If this were so, non-verbal priming would not have
such dramatic effects on abstract thought. Also,
concepts would probably be more neatly defined,
along the lines of necessary and sufficient
conditions; or at least, we would have difficulty
working with non-typical category members, working
with metaphors, etc. IMHO.
I think that whenever a "symbol" is active somewhere
in anterior cortex, it is linked to, and activates (or
is activated by), a series of cortical areas
connecting it all the way back to the posterior
sensory cortex. There's some evidence for this;
primarily I'm thinking of experiments that show
that visualization activates primary visual cortex.
Damasio's work on "convergence zones" is an example
of a theory of this type. Also any theory that
involves using different frequencies to create
different "bindings" between cortical areas.
Say you're using neural darwinism in cortex area A to
select between different planned movement sequences.

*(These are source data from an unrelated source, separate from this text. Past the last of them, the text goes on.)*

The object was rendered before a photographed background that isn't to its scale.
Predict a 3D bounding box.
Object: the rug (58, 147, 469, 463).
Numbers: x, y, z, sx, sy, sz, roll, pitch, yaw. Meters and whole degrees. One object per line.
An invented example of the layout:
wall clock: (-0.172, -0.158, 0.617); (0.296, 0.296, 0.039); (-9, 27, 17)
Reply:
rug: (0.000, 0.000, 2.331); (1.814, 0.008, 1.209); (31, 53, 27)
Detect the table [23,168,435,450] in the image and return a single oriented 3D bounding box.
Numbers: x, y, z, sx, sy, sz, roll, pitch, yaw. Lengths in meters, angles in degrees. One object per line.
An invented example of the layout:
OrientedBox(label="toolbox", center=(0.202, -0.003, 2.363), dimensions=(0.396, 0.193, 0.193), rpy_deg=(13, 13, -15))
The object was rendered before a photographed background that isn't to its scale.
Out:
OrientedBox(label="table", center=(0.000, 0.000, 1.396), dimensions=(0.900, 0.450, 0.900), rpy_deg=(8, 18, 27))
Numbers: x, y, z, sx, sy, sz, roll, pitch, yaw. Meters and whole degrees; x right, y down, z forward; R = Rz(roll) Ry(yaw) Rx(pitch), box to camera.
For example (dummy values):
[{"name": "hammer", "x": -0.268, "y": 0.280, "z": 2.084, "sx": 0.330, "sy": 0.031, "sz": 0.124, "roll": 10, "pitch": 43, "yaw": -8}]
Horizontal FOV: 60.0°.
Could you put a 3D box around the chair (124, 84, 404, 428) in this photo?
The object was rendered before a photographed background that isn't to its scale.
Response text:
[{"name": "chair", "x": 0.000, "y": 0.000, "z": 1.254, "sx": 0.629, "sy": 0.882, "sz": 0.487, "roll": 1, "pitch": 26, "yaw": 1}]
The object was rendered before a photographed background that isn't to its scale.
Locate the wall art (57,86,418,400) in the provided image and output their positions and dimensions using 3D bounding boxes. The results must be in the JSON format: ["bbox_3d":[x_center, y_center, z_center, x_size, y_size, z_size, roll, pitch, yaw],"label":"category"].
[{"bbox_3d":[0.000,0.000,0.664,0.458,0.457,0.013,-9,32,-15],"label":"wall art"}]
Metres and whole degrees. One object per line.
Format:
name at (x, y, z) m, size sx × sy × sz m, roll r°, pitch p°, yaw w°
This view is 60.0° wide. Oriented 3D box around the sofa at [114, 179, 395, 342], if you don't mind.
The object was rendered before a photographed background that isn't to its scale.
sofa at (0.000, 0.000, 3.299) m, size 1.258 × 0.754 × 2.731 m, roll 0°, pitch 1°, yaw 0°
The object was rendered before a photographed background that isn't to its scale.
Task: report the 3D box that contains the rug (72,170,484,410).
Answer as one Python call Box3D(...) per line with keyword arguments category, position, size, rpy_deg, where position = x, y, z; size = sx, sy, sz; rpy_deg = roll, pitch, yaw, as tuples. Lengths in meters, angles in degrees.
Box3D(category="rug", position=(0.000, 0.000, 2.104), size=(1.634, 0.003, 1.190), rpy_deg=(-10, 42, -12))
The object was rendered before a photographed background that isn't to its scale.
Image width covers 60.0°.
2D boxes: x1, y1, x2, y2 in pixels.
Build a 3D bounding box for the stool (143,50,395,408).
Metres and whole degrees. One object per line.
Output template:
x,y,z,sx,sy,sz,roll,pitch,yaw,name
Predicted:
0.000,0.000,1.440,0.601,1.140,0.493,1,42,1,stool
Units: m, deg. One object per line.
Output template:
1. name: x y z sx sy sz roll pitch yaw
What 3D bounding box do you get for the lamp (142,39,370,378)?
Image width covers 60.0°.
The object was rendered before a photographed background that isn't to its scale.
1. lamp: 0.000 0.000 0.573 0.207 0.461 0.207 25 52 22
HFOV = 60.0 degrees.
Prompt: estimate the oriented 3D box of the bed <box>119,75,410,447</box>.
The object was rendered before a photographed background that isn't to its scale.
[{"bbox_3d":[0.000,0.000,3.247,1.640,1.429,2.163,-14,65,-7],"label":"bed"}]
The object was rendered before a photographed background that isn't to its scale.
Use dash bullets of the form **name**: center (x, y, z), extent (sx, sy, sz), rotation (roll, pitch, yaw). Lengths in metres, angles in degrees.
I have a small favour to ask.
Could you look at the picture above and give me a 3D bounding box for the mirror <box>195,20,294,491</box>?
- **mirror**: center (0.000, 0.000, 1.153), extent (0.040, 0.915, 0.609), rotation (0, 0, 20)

If you buy into my notion of how the brain works,
that means that each competing program in area A has
to be activating all of the other cortical areas
that create/correlate with the "symbols" being used
in area A. All the way back into sensory cortex,
or at least premotor cortex. And to prevent
collisions, that means that EVERY SINGLE CONCEPT
stored in every cortical area needs to be stored
hundreds of times over, so that these hundreds of
copies can be activated separately and used
simultaneously by competing programs in your planning
(I'm not talking about the ordinary sort of redundancy
in the brain. Each of these hundreds of copies has
got to have that level of redundancy.)
You could probably calculate whether this is possible.
We have some "maps" of temporal cortex indicating
"words" of various types are stored. You could
probably estimate the number of different "words"
stored in a particular area of cortex, and estimate
the number of neurons in that area, and figure out
whether or not the number of neurons is in fact at
least a hundred times as many as you would need to
store those words. But, again, this calculation
would not be trivial.
I should probably re-read this before sending,
but I'm too tired.
- Phil G.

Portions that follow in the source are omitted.